A well-funded push for AI rules is hitting New Jersey

A super PAC tied to Anthropic has launched television ads in New Jersey urging stronger regulation of artificial intelligence. The group, Public First Action, has raised nearly $50 million so far and is publicly aiming to grow that war chest to about $75 million. The ad buy is part of a larger, well-funded political campaign to shape how lawmakers and the public think about governance for AI ahead of key elections.

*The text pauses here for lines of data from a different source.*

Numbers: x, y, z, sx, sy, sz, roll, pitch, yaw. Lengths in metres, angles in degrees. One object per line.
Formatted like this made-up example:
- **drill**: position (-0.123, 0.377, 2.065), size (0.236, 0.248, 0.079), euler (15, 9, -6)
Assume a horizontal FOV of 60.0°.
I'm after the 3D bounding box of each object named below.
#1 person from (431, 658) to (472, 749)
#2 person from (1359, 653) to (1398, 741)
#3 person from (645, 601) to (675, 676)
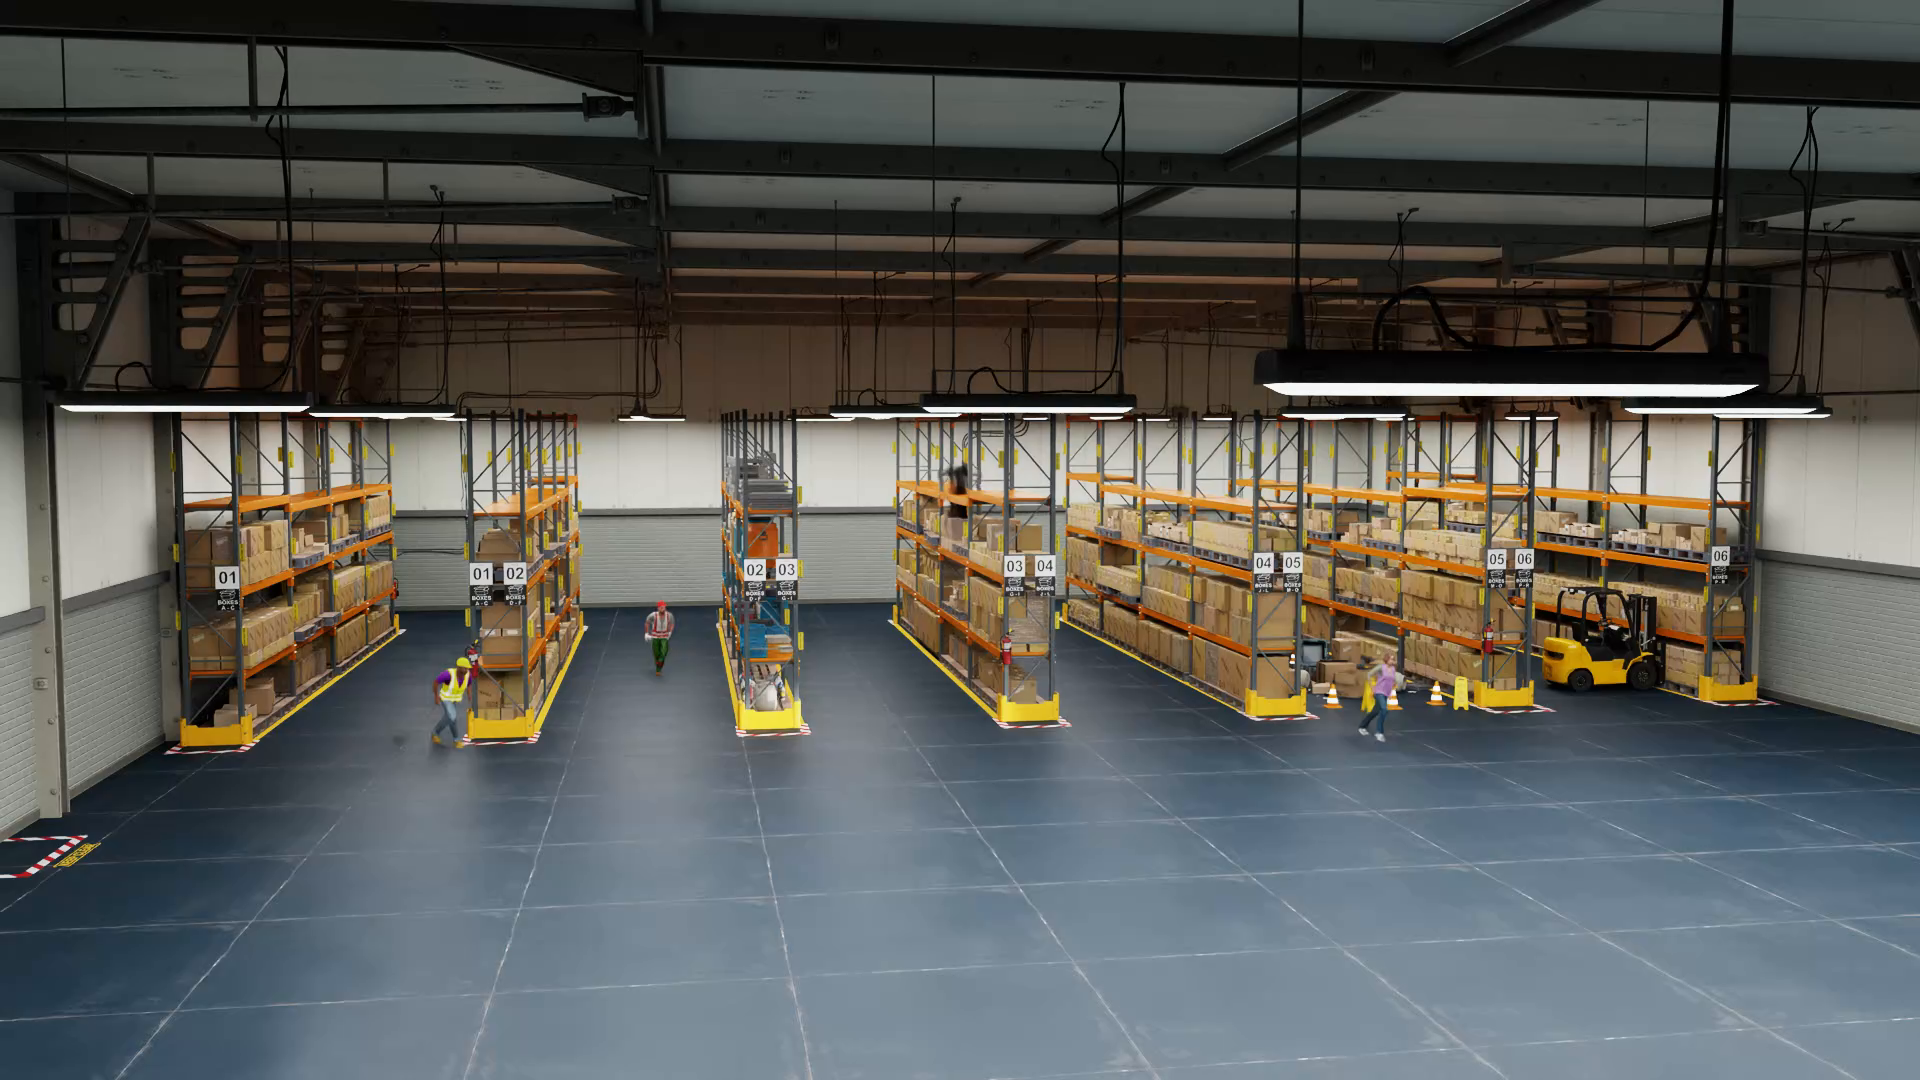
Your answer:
- **person**: position (-9.052, 2.879, 29.543), size (1.066, 1.651, 0.702), euler (3, 5, 38)
- **person**: position (7.602, 2.812, 30.168), size (0.635, 1.543, 0.758), euler (-3, 5, -37)
- **person**: position (-6.837, 2.229, 37.882), size (0.670, 1.715, 0.700), euler (-2, 4, -21)
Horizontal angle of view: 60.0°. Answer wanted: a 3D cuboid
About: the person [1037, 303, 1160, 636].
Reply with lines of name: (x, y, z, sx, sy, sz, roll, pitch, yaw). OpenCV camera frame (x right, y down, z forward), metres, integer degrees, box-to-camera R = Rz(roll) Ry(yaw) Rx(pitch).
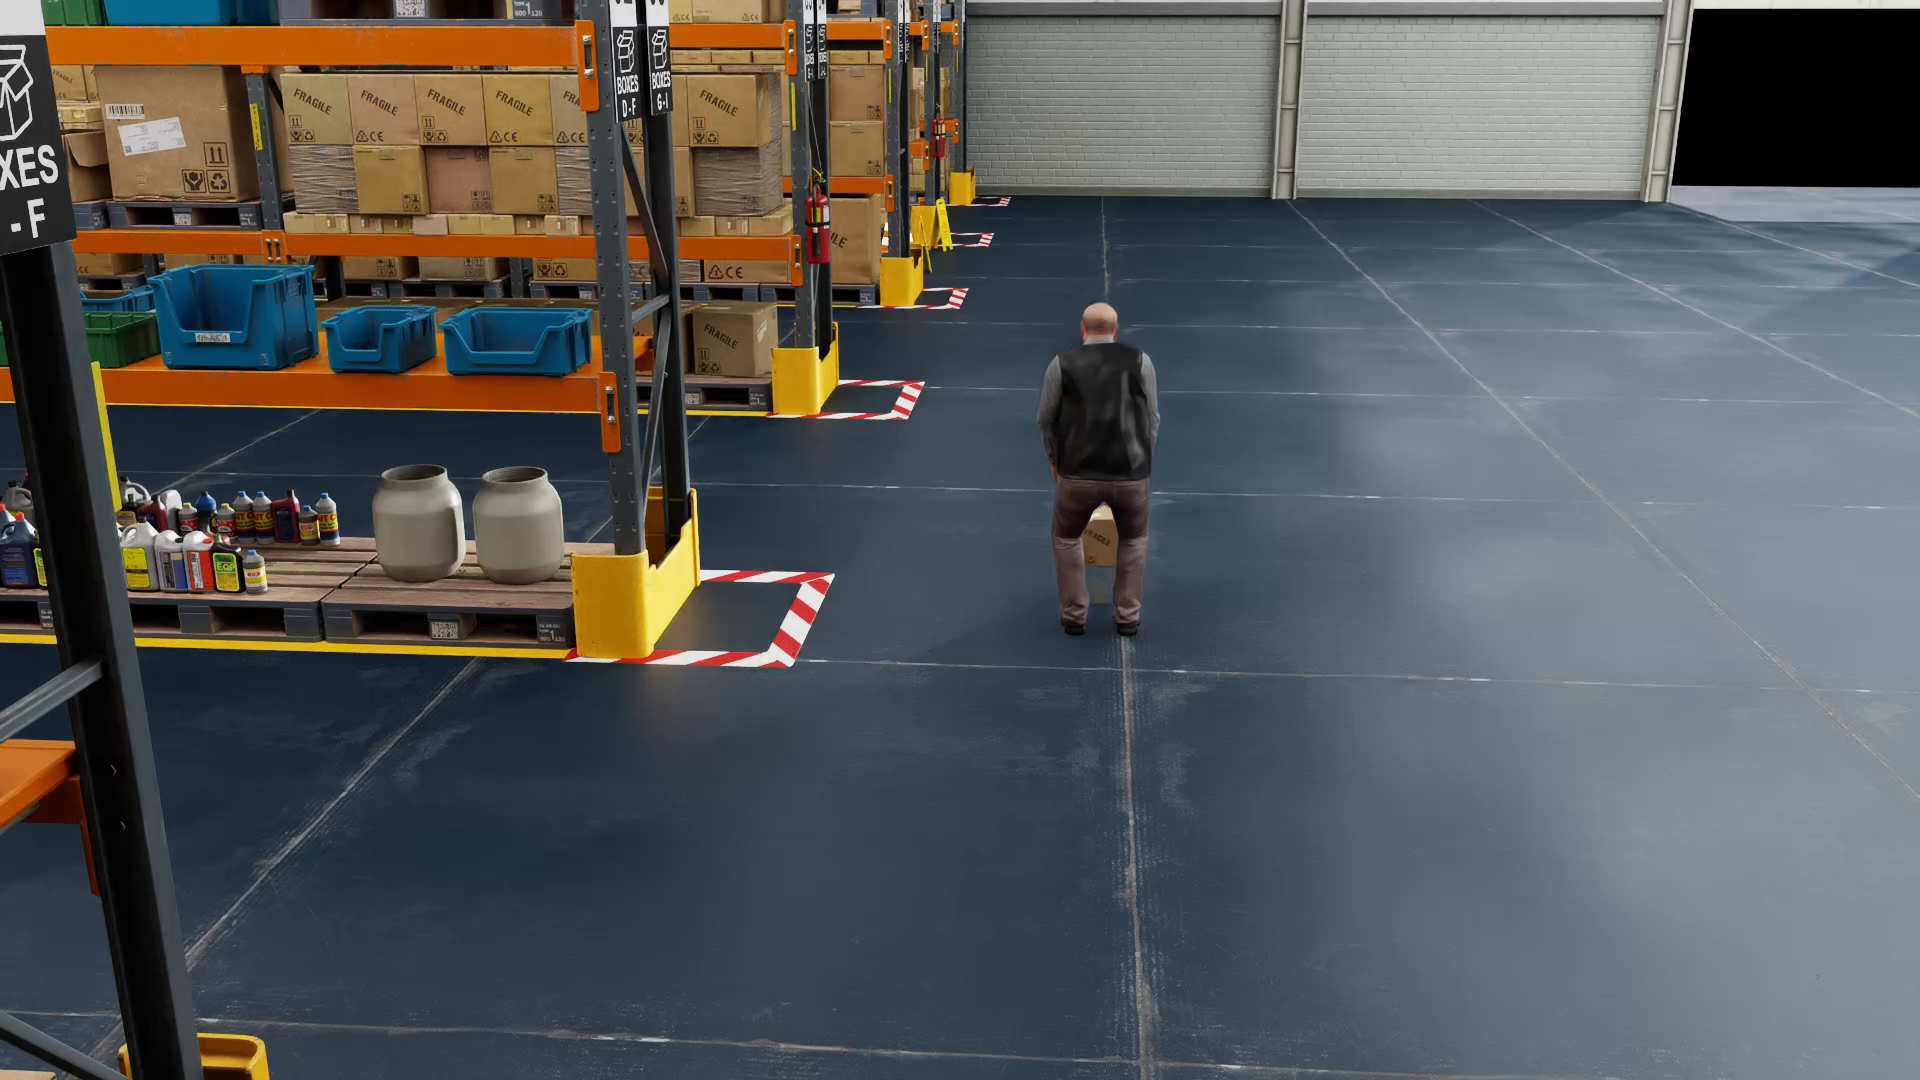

The effort matters because it marks a technology company moving beyond lobbying and into direct political advertising at scale. That changes the dynamics around AI policy in several ways:

  • It amplifies specific regulatory priorities to voters and lawmakers.
  • It signals that big AI labs are willing to spend electoral dollars to secure favorable legal frameworks.
  • It raises the stakes for rival firms and trade groups, which may respond with their own ad campaigns or political spending.

Public First Action’s New Jersey ads are not just about local politics. They are a test case for national strategies: if a well-funded campaign can shift state-level debate, similar tactics could be used in dozens of races and issue fights. For policymakers, the influx of cash and messaging from an AI lab’s backers increases pressure to produce clear rules quickly — but it also risks entangling regulation with partisan electoral calculation.

For the industry and the public, the immediate takeaway is that AI governance is becoming a campaign issue backed by serious money. That will likely accelerate both legislative attention and political polarization around how broadly or narrowly governments should regulate tools that companies say are transforming everything from software development to national security.